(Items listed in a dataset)
════════════════

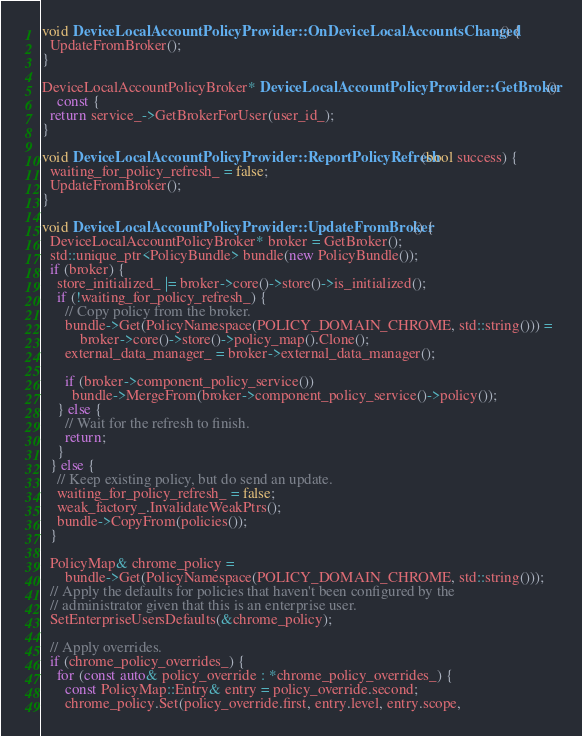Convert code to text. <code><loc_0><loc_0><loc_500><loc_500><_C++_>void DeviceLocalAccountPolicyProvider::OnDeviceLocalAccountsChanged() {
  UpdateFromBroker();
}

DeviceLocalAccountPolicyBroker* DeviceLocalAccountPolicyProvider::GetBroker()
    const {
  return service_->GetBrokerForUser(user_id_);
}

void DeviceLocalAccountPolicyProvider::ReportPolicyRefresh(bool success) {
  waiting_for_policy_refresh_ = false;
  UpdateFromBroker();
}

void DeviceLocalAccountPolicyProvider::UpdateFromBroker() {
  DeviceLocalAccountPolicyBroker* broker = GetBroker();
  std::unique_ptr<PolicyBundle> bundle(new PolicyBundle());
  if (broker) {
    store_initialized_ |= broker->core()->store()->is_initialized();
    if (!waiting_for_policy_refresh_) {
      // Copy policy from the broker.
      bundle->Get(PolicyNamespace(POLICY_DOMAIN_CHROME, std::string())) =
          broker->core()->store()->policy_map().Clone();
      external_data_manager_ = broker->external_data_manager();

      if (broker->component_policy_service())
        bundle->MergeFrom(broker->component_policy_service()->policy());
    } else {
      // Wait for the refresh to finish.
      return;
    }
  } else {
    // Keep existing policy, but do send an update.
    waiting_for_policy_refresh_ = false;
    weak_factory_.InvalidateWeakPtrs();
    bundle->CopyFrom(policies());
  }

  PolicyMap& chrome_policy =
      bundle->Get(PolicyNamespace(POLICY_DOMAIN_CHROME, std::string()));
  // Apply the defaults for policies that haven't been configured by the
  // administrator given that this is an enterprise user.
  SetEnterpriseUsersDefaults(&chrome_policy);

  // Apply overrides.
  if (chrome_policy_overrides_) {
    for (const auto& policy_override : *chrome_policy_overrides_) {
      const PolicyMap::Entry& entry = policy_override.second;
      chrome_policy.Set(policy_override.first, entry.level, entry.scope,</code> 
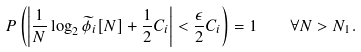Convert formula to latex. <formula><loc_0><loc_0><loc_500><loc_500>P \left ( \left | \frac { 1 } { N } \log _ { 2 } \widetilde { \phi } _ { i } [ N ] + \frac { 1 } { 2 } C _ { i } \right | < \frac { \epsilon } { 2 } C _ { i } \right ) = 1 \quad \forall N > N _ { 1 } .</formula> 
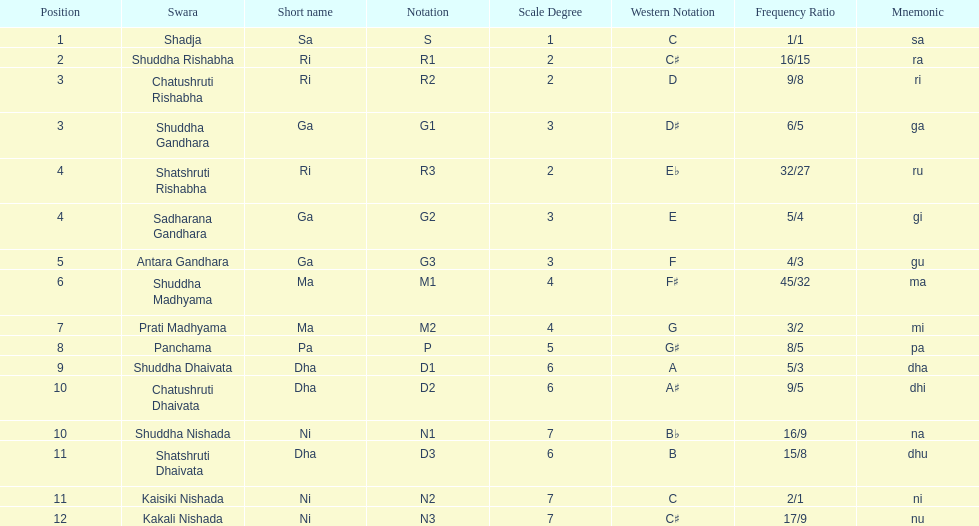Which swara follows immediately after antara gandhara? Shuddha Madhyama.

════════════════

Task to carry out
Each entry should be transcribed exactly as given, with pictures omitted.

Answer to this task
Convert code to text. <code><loc_0><loc_0><loc_500><loc_500><_C++_>void DeviceLocalAccountPolicyProvider::OnDeviceLocalAccountsChanged() {
  UpdateFromBroker();
}

DeviceLocalAccountPolicyBroker* DeviceLocalAccountPolicyProvider::GetBroker()
    const {
  return service_->GetBrokerForUser(user_id_);
}

void DeviceLocalAccountPolicyProvider::ReportPolicyRefresh(bool success) {
  waiting_for_policy_refresh_ = false;
  UpdateFromBroker();
}

void DeviceLocalAccountPolicyProvider::UpdateFromBroker() {
  DeviceLocalAccountPolicyBroker* broker = GetBroker();
  std::unique_ptr<PolicyBundle> bundle(new PolicyBundle());
  if (broker) {
    store_initialized_ |= broker->core()->store()->is_initialized();
    if (!waiting_for_policy_refresh_) {
      // Copy policy from the broker.
      bundle->Get(PolicyNamespace(POLICY_DOMAIN_CHROME, std::string())) =
          broker->core()->store()->policy_map().Clone();
      external_data_manager_ = broker->external_data_manager();

      if (broker->component_policy_service())
        bundle->MergeFrom(broker->component_policy_service()->policy());
    } else {
      // Wait for the refresh to finish.
      return;
    }
  } else {
    // Keep existing policy, but do send an update.
    waiting_for_policy_refresh_ = false;
    weak_factory_.InvalidateWeakPtrs();
    bundle->CopyFrom(policies());
  }

  PolicyMap& chrome_policy =
      bundle->Get(PolicyNamespace(POLICY_DOMAIN_CHROME, std::string()));
  // Apply the defaults for policies that haven't been configured by the
  // administrator given that this is an enterprise user.
  SetEnterpriseUsersDefaults(&chrome_policy);

  // Apply overrides.
  if (chrome_policy_overrides_) {
    for (const auto& policy_override : *chrome_policy_overrides_) {
      const PolicyMap::Entry& entry = policy_override.second;
      chrome_policy.Set(policy_override.first, entry.level, entry.scope,</code> 
Convert formula to latex. <formula><loc_0><loc_0><loc_500><loc_500>P \left ( \left | \frac { 1 } { N } \log _ { 2 } \widetilde { \phi } _ { i } [ N ] + \frac { 1 } { 2 } C _ { i } \right | < \frac { \epsilon } { 2 } C _ { i } \right ) = 1 \quad \forall N > N _ { 1 } .</formula> 
Which swara follows immediately after antara gandhara? Shuddha Madhyama.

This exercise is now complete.